■ YOUR TASK ■
Line by line, set down the records below from the first line through the line containing "2) small box (441,537,517,618)". Omit the pictures.
*** Opening AVAILABLE RECORDS ***
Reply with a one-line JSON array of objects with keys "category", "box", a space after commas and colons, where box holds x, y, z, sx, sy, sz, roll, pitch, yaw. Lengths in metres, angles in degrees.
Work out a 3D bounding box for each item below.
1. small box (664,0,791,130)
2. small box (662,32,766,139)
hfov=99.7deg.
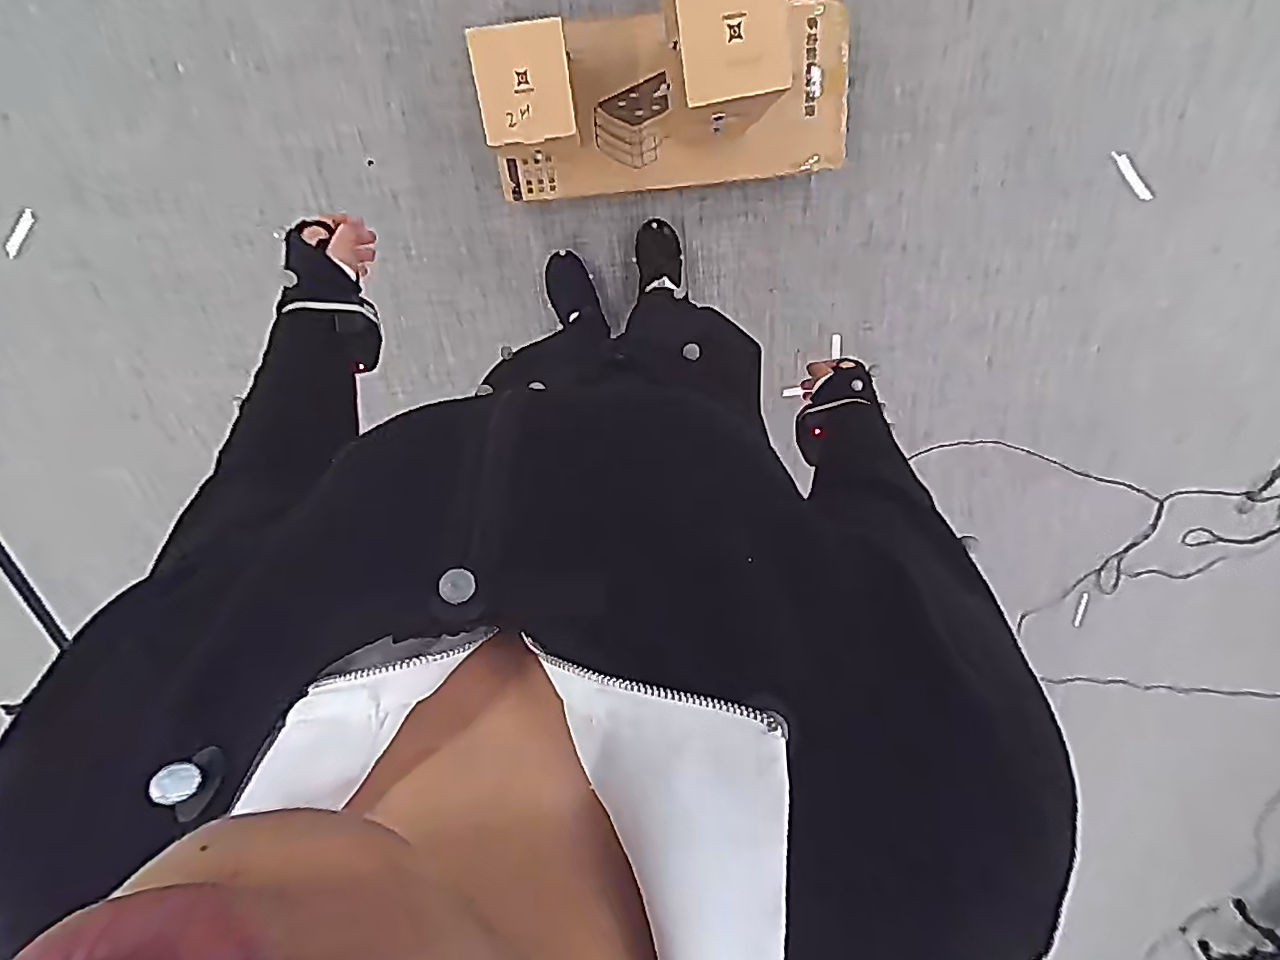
[{"category": "small box", "box": [0.135, -0.696, 0.876, 0.168, 0.176, 0.179, -10, 115, 2]}, {"category": "small box", "box": [0.137, -0.763, 1.025, 0.168, 0.176, 0.179, -8, 115, 1]}]
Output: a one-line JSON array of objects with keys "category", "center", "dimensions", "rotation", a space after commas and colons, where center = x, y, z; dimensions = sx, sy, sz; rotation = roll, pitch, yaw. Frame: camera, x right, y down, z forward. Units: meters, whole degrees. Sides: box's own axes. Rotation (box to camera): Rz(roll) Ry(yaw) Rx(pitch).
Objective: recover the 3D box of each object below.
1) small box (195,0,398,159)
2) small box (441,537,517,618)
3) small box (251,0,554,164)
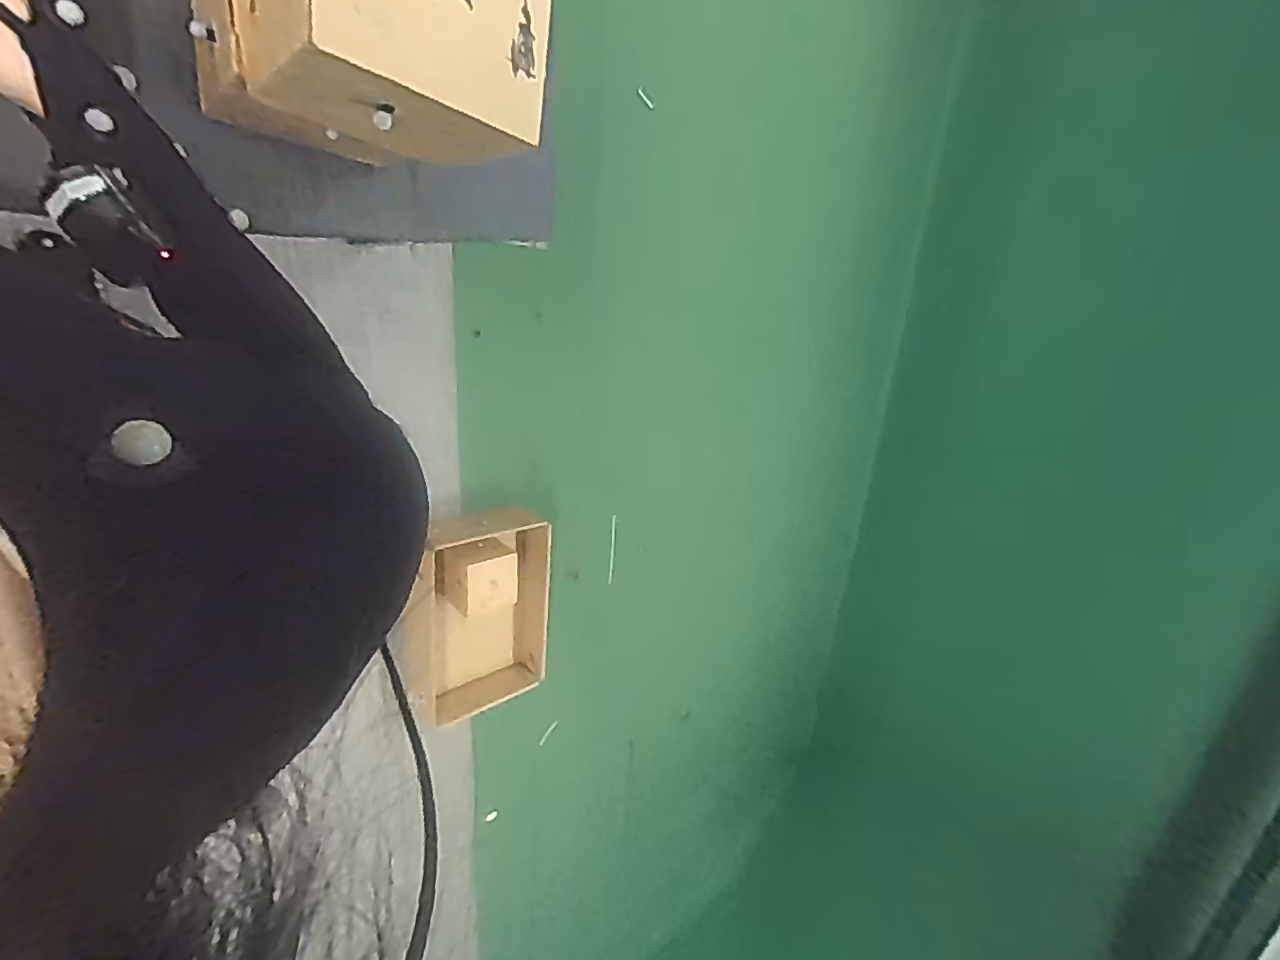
[{"category": "small box", "center": [-0.309, -0.428, 0.520], "dimensions": [0.179, 0.176, 0.168], "rotation": [-9, 113, -45]}, {"category": "small box", "center": [-0.492, 0.285, 1.645], "dimensions": [0.168, 0.176, 0.179], "rotation": [-11, 115, -42]}, {"category": "small box", "center": [-0.188, -0.370, 0.424], "dimensions": [0.179, 0.176, 0.168], "rotation": [-5, 109, -45]}]
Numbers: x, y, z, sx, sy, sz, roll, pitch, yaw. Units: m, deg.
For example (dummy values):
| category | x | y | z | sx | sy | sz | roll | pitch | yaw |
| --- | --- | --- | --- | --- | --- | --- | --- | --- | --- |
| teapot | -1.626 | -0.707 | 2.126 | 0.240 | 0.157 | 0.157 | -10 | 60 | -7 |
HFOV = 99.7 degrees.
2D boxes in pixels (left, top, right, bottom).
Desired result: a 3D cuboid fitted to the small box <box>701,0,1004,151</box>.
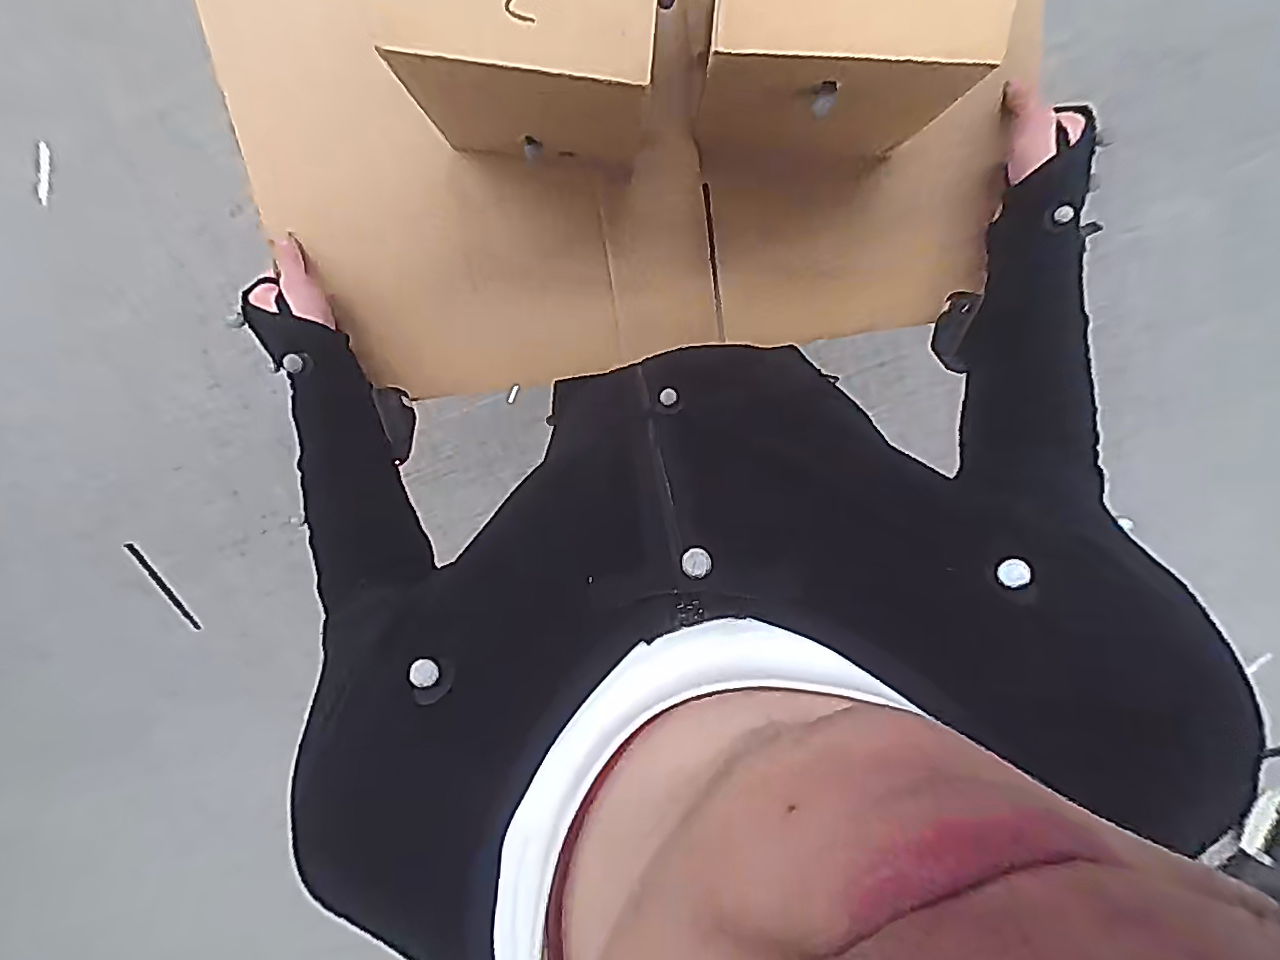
*** Closing AVAILABLE RECORDS ***
■ WORKED SOLUTION ■
Reply with a one-line JSON array of objects with keys "category", "box", a space after commas and colons, where box holds x, y, z, sx, sy, sz, roll, pitch, yaw. Lengths in metres, angles in degrees.
Work out a 3D bounding box for each item below.
1. small box (664,0,791,130)
2. small box (662,32,766,139)
hfov=99.7deg.
[{"category": "small box", "box": [0.135, -0.696, 0.876, 0.168, 0.176, 0.179, -10, 115, 2]}, {"category": "small box", "box": [0.137, -0.763, 1.025, 0.168, 0.176, 0.179, -8, 115, 1]}]
Output: a one-line JSON array of objects with keys "category", "center", "dimensions", "rotation", a space after commas and colons, where center = x, y, z; dimensions = sx, sy, sz; rotation = roll, pitch, yaw. Frame: camera, x right, y down, z forward. Units: meters, whole degrees. Sides: box's own axes. Rotation (box to camera): Rz(roll) Ry(yaw) Rx(pitch).
Objective: recover the 3D box of each object below.
1) small box (195,0,398,159)
2) small box (441,537,517,618)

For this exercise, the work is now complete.